East Suffolk Council found itself upgrading the software it uses to manage the enforcement of parking in the midst of the coronavirus pandemic. Social distancing rules meant that the council’s new software provider, WSP, had to provide remote support. The introduction of both the software and a new approach to parking went smoothly, reflecting the detailed preparations that had been put in place.
East Suffolk Council is a new local authority formed by the merger of the Suffolk Coastal and Waveney districts in 2019. Suffolk County Council has delegated ‘functions’ to East Suffolk, enabling it to administer civil parking enforcement in towns like Aldeburgh, Beccles, Bungay, Felixstowe, Framlingham, Lowestoft and Southwold.
East Suffolk recognised that it needed new software to run the combined parking enforcement operation, so it carried out a market review using an existing framework.
The council’s parking services manager, Lewis Boudville, said: “ESPO Framework 509 appeared to be the most expedient and convenient way to select a system provider for our new civil parking enforcement operation. All of the companies listed were invited in to demonstrate their respective products, many of them came to see us, and it was WSP’s Taranto system that best met our requirements.”
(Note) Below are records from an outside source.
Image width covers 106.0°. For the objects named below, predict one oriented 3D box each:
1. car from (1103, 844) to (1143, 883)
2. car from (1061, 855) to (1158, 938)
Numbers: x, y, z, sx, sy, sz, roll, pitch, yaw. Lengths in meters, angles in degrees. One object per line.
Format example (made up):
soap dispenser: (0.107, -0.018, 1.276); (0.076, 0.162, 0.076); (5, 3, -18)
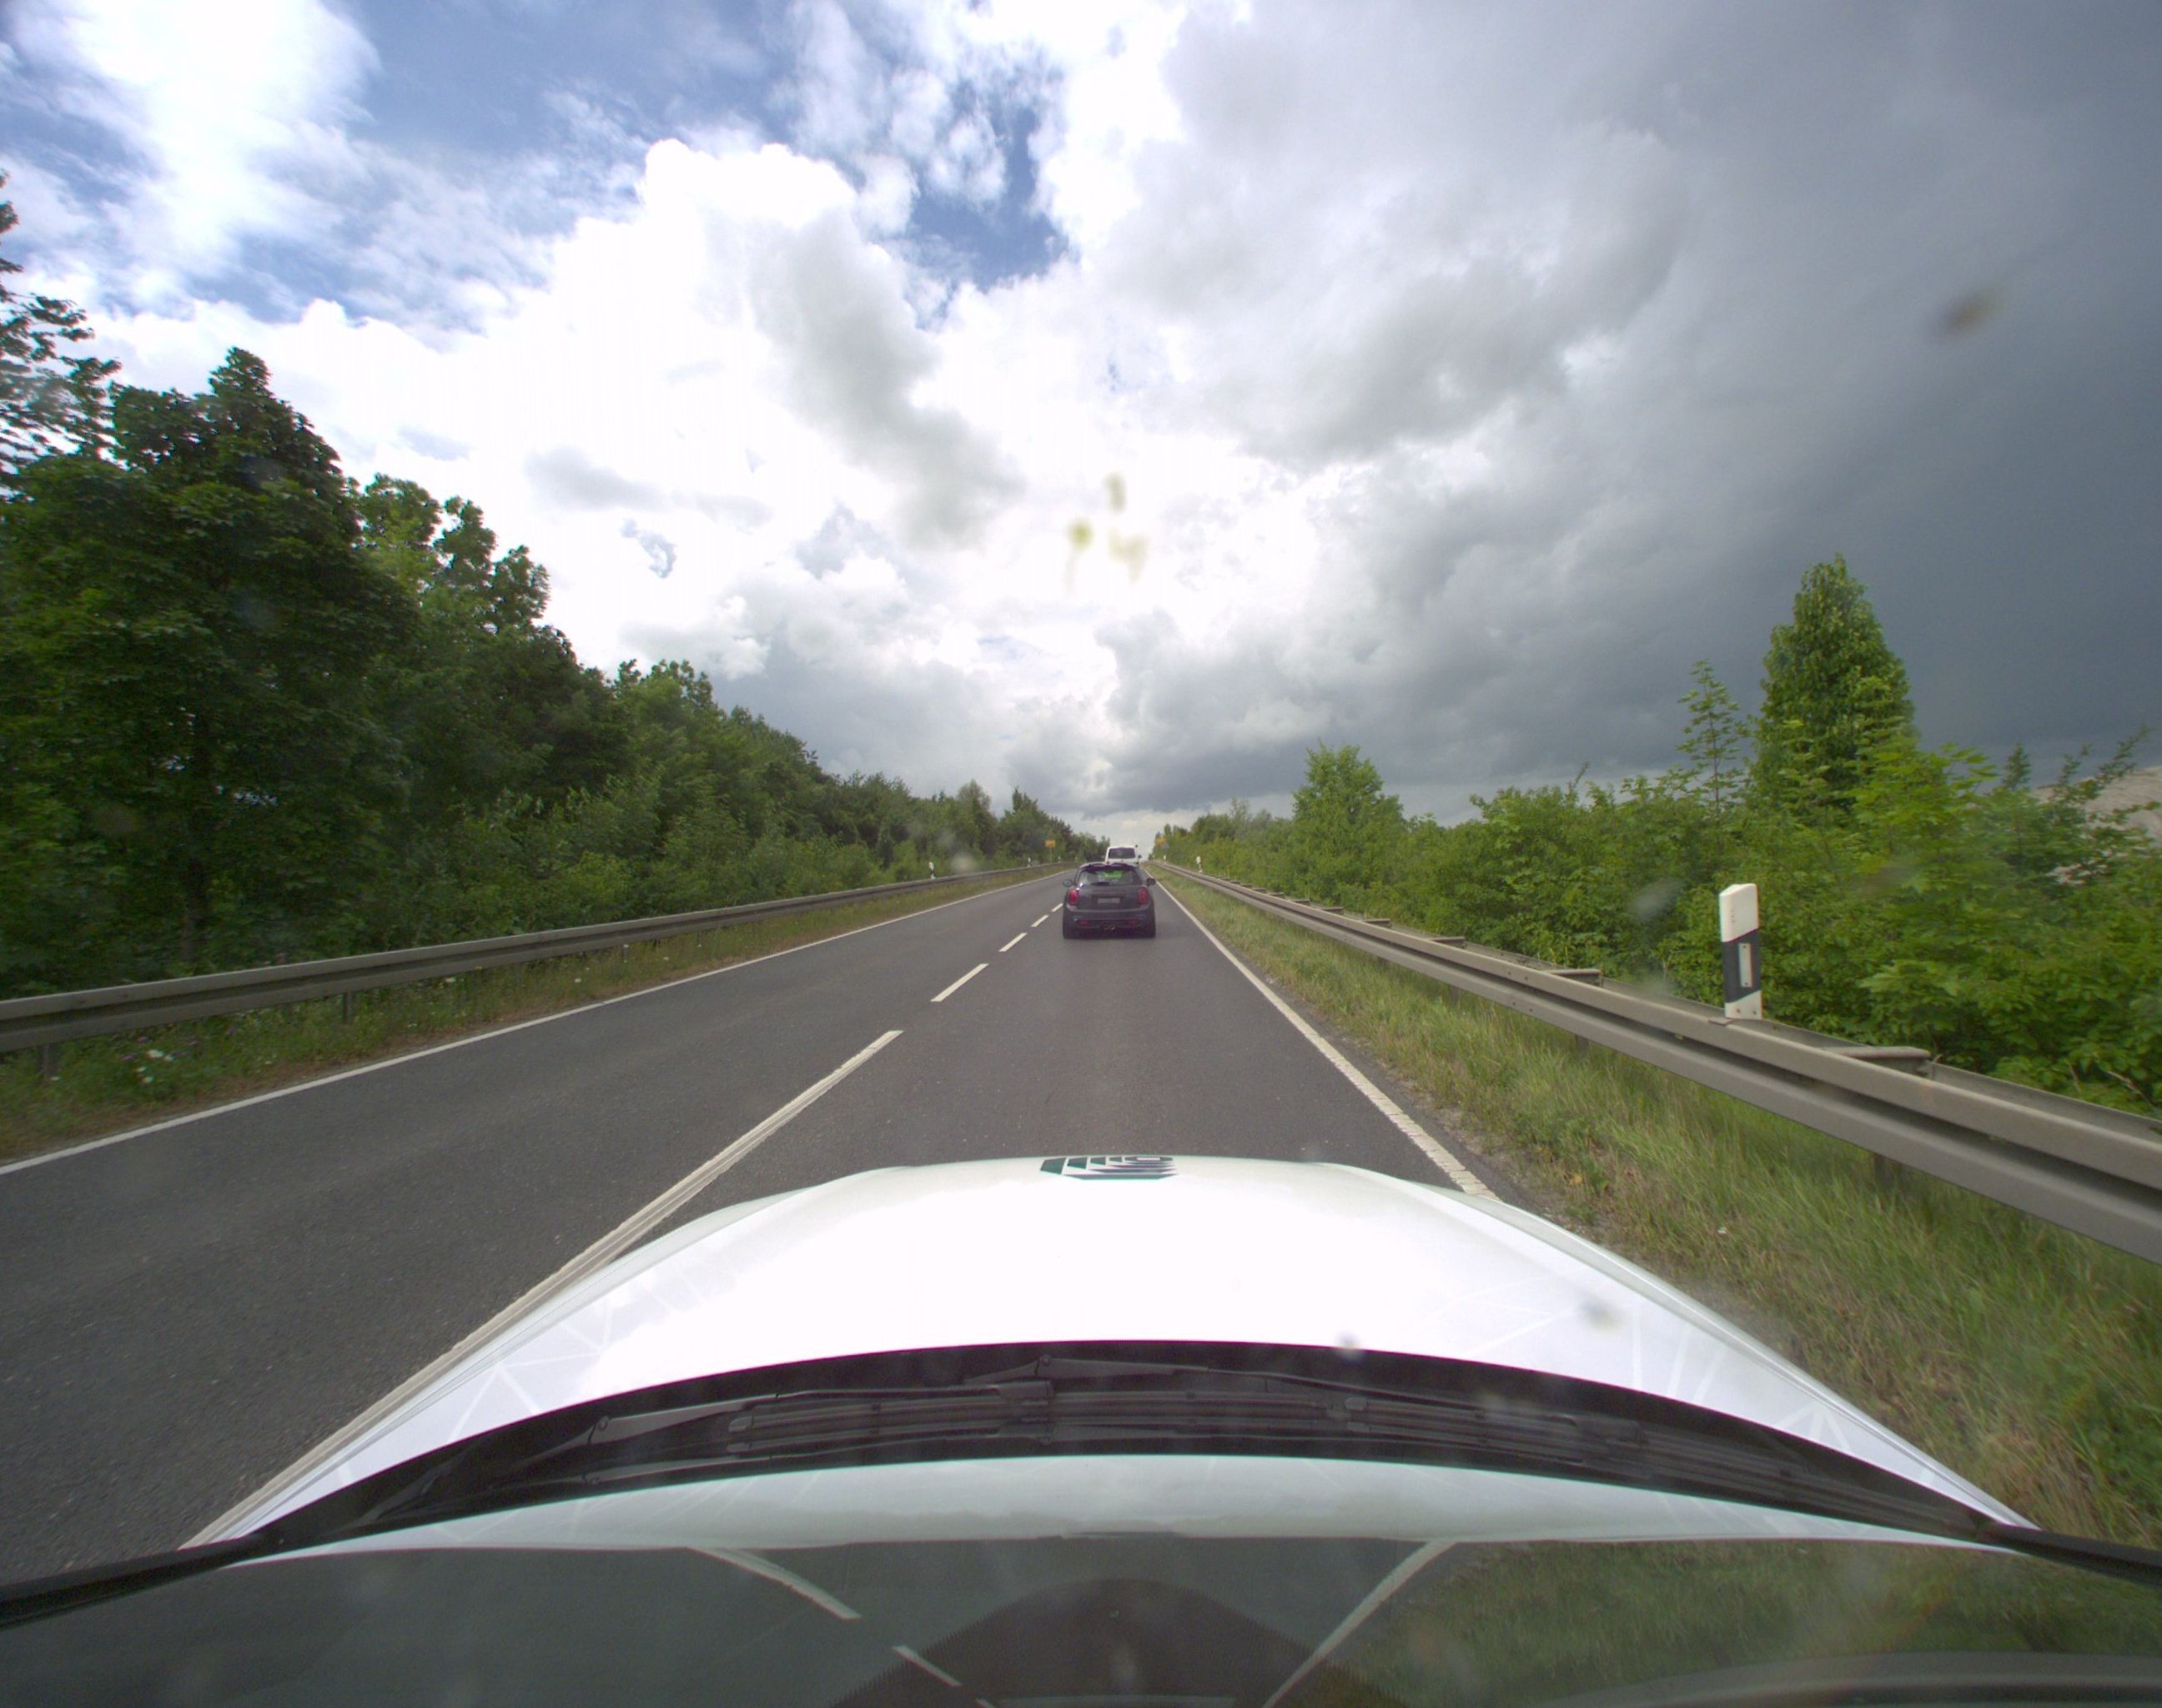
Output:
car: (2.348, 0.479, 44.316); (2.013, 2.013, 4.005); (-1, 0, 5)
car: (0.525, 0.777, 16.704); (1.726, 1.456, 4.000); (-1, 0, 0)

After being recorded on the street by civil enforcement officers, penalty charge notices (PCNs) are instantaneously sent into a back office system, that integrates with the DVLA databases that enable the local authority to access personal details associated with vehicle registration. Taranto automatically progresses the PCN through the correct legislative path, sending out the relevant statutory notices, keeping track of changes in the level of debt. The Taranto system also manages ad-hoc correspondence and features integrated payment channels to allow the debt to be cleared. If a debt is not cleared, the system exchanges data with third-party enforcement agents to assist with recovering the money owing.
A proven solution
Boudville was keen to know not just what the software could do, but what was involved in getting the system up and running. “Throughout the interview process with suppliers, we were trying to understand what the system implementation process would be like,” he said. “Experience told me this was often very different from product to product. We took comfort from how WSP laid out the stages clearly. We also knew authorities that had moved successfully from legacy systems to Taranto.”
The parking team liked the fact Taranto had already been extensively tested in the market, with other local authorities using it for enforcement. Other councils and government bodies use Taranto to issue and process more than 8 million PCNs a year.
“This was important to us,” said Boudville. “We were setting up a brand new capability and wouldn’t have felt comfortable developing and providing unproven software. In addition, we liked how Taranto’s use of open APIs (application programming interfaces) allowed us to work with other suppliers.”
Developing a relationship
East Suffolk Council awarded the contract directly to WSP, meaning its officers were able to work closely with the technology company’s development team.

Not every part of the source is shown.